> [Your objective]:
Of all the lines below, output only those starting at the one with "42) cardboard box [1468,498,1559,577]" and ending at the one with "50) cardboard box [1449,34,1556,118]", both ends included, exactly as written.

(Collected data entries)
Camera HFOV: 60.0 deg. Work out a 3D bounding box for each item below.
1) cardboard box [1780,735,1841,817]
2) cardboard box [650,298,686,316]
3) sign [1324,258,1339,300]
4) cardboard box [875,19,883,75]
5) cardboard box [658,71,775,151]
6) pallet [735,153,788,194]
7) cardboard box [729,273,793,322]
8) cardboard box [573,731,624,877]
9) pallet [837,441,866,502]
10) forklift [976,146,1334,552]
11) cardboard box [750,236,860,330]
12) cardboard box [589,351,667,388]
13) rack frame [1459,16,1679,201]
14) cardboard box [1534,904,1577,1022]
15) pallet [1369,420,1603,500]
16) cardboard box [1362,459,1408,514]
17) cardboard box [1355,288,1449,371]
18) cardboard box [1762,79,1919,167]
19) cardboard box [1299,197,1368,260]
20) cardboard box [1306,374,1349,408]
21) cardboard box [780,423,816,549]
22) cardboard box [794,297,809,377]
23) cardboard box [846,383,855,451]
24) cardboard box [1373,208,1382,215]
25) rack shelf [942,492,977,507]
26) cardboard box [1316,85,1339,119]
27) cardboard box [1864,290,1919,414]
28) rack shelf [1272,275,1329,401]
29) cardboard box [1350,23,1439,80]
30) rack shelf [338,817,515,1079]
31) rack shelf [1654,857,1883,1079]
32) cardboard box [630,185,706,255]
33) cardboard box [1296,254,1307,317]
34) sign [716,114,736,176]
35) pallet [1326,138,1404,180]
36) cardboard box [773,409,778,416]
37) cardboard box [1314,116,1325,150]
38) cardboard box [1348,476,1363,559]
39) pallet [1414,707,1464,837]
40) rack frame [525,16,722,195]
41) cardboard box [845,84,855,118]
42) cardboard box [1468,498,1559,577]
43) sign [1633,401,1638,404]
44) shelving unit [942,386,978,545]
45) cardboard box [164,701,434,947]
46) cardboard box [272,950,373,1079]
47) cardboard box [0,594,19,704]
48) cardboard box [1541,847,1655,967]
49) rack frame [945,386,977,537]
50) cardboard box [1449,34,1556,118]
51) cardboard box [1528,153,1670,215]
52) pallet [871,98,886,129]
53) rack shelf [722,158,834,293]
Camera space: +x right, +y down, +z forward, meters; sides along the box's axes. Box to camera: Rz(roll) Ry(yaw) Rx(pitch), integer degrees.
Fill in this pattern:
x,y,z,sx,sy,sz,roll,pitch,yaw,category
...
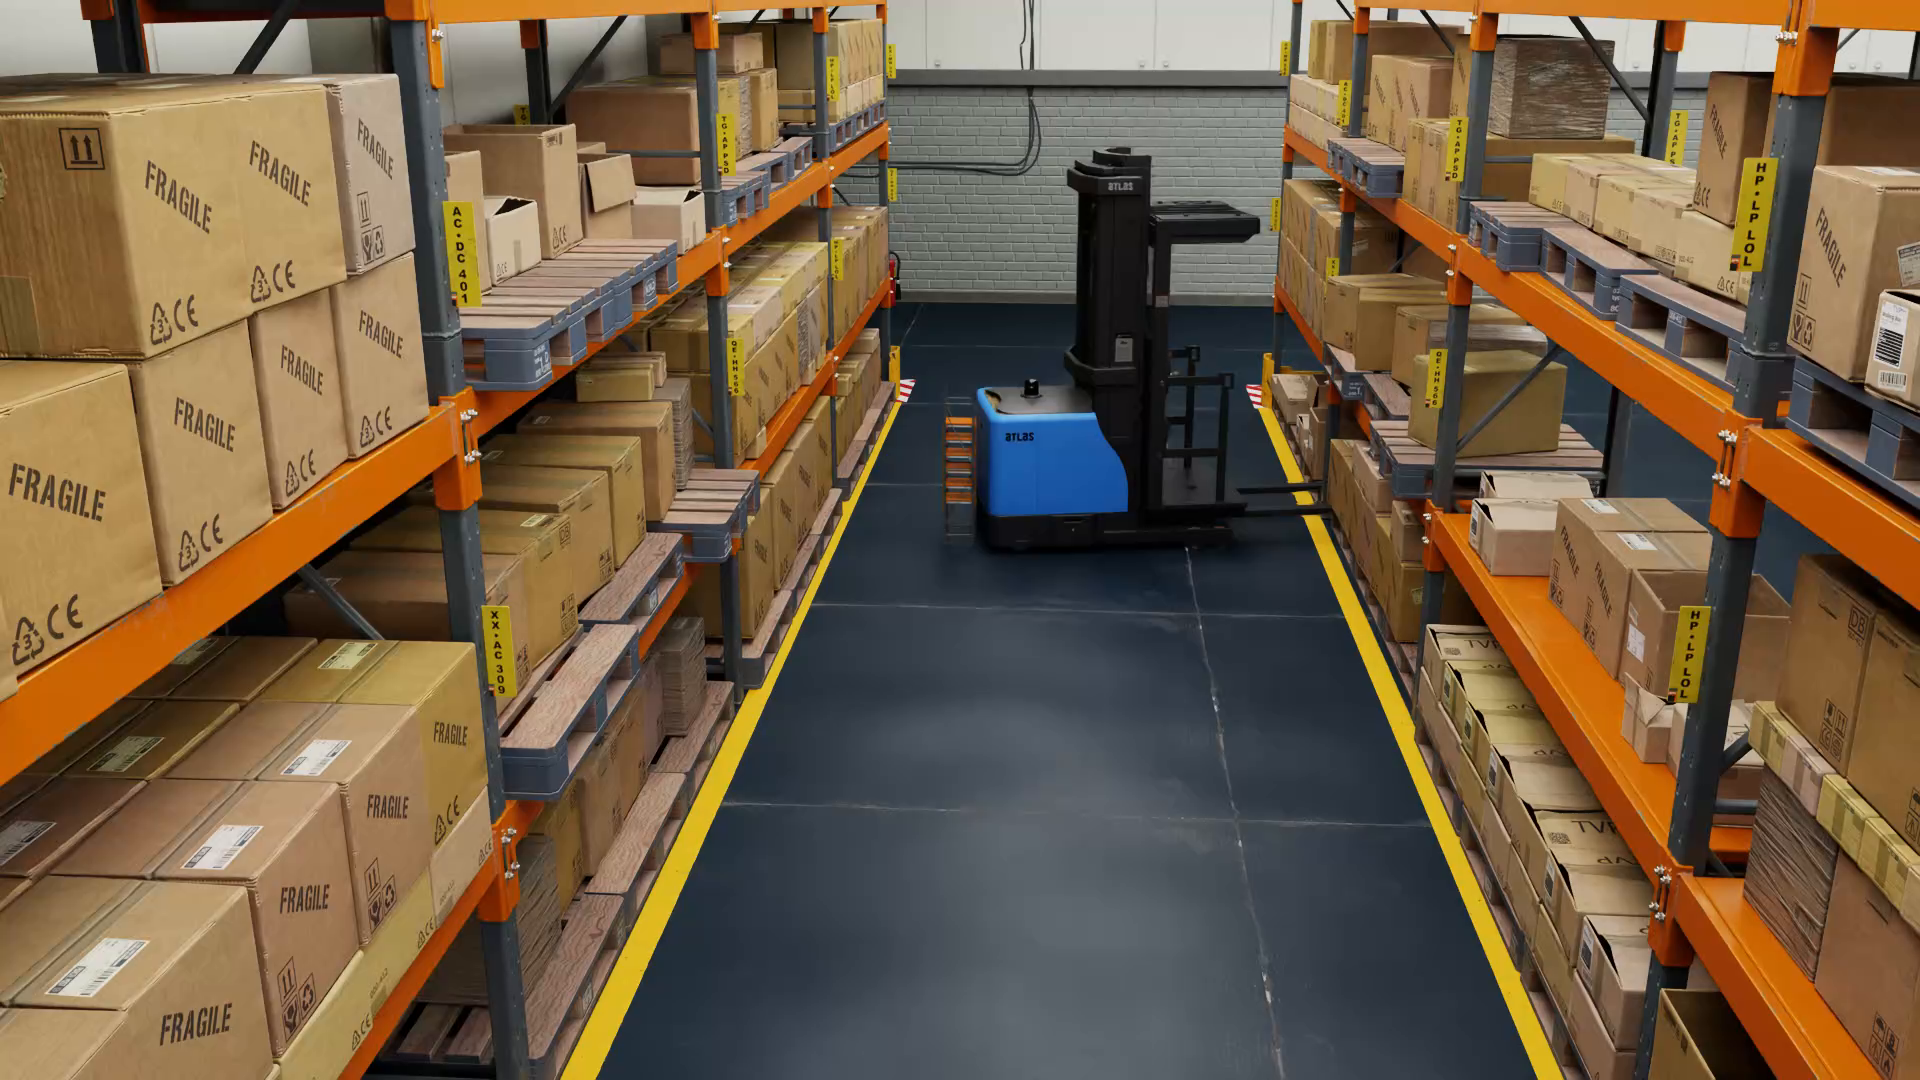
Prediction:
x,y,z,sx,sy,sz,roll,pitch,yaw,category
2.622,0.687,4.807,0.380,0.149,0.250,2,18,5,cardboard box
-1.988,-1.328,10.285,0.500,0.250,0.500,1,18,2,cardboard box
2.884,-2.020,12.881,0.100,0.325,0.005,1,18,4,sign
-1.009,-4.675,15.757,0.500,0.500,0.500,1,18,4,cardboard box
-1.664,-2.945,11.410,0.700,0.500,0.500,1,18,3,cardboard box
-1.732,-2.350,10.765,1.003,0.211,1.213,2,18,6,pallet
-1.413,-1.637,11.227,0.500,0.250,0.500,1,18,3,cardboard box
-1.989,1.207,7.731,0.700,0.500,0.500,1,18,5,cardboard box
-1.383,-0.618,14.469,1.003,0.211,1.213,1,18,4,pallet
1.655,-1.488,12.757,3.031,2.935,1.130,-2,18,-7,forklift
-1.403,-2.246,14.478,0.980,0.700,0.700,1,18,3,cardboard box
-1.797,-0.923,9.014,0.380,0.149,0.250,-1,18,-3,cardboard box
3.139,-3.208,8.260,1.000,3.000,0.127,1,18,4,rack frame
2.631,1.700,6.658,0.500,0.250,0.500,1,18,3,cardboard box
3.118,-0.478,9.872,1.213,0.211,1.003,1,18,4,pallet
3.041,-0.365,11.325,0.500,0.250,0.500,1,18,3,cardboard box
3.183,-1.489,11.815,0.700,0.500,0.500,4,19,13,cardboard box
2.936,-1.215,5.359,0.500,0.500,0.500,2,18,5,cardboard box
3.311,-2.757,14.752,0.500,0.500,0.500,1,18,3,cardboard box
3.555,-1.205,15.087,0.797,0.503,0.637,1,18,4,cardboard box
-1.493,-0.406,12.122,0.750,0.750,0.750,2,18,6,cardboard box
-1.368,-1.443,11.840,0.500,0.500,0.500,1,18,4,cardboard box
-1.320,-1.106,14.821,0.700,0.500,0.500,1,18,3,cardboard box
3.814,-2.582,14.218,0.500,0.500,0.500,1,18,2,cardboard box
-0.001,-0.295,12.811,0.258,0.103,0.180,1,18,4,rack shelf
3.267,-3.658,13.891,0.500,0.250,0.500,1,18,4,cardboard box
2.514,-0.445,3.892,0.500,0.311,0.500,0,18,1,cardboard box
3.569,-1.878,14.994,1.077,0.370,4.000,1,18,4,rack shelf
3.629,-4.007,13.750,0.700,0.500,0.500,1,18,4,cardboard box
-2.232,1.739,3.953,1.077,0.370,4.000,1,18,4,rack shelf
2.709,1.849,3.620,1.077,0.370,4.000,1,18,4,rack shelf
-1.585,-1.629,8.371,0.500,0.311,0.500,1,18,4,cardboard box
3.310,-2.286,14.920,0.500,0.500,0.500,2,18,5,cardboard box
-1.261,-2.125,8.942,0.100,0.325,0.005,1,18,4,sign
3.309,-2.734,11.935,1.213,0.211,1.003,1,18,4,pallet
-1.449,-0.930,11.315,0.380,0.149,0.250,1,18,4,cardboard box
3.269,-3.421,13.969,0.500,0.250,0.500,1,18,4,cardboard box
3.077,-0.155,11.885,0.500,0.500,0.500,2,18,5,cardboard box
3.041,1.223,8.851,1.003,0.211,1.213,1,18,4,pallet
-1.802,-3.317,8.594,1.000,3.000,0.127,1,18,4,rack frame
-1.152,-3.676,13.914,0.500,0.250,0.500,1,18,3,cardboard box
2.882,-0.041,8.374,0.500,0.311,0.500,1,18,3,cardboard box
3.693,-0.896,8.980,0.100,0.325,0.005,1,18,4,sign
-0.001,-0.566,12.722,0.258,1.200,0.189,1,18,4,shelving unit
-1.845,0.790,4.698,0.500,0.500,0.500,1,18,4,cardboard box
-1.885,1.303,4.338,0.500,0.250,0.500,1,18,4,cardboard box
-1.995,0.110,2.759,0.500,0.500,0.500,2,18,6,cardboard box
2.626,1.432,6.576,0.500,0.311,0.500,2,18,5,cardboard box
0.006,-0.594,12.809,0.240,1.200,0.006,1,18,4,rack frame
3.250,-2.757,9.936,0.500,0.500,0.500,1,18,4,cardboard box
3.163,-1.768,8.252,0.500,0.250,0.500,0,18,0,cardboard box
-1.272,-4.103,15.954,1.003,0.211,1.213,1,18,4,pallet
-1.659,-2.171,11.069,1.077,0.370,4.000,1,18,4,rack shelf

> [Problem solution]:
42) cardboard box [1468,498,1559,577]
43) sign [1633,401,1638,404]
44) shelving unit [942,386,978,545]
45) cardboard box [164,701,434,947]
46) cardboard box [272,950,373,1079]
47) cardboard box [0,594,19,704]
48) cardboard box [1541,847,1655,967]
49) rack frame [945,386,977,537]
50) cardboard box [1449,34,1556,118]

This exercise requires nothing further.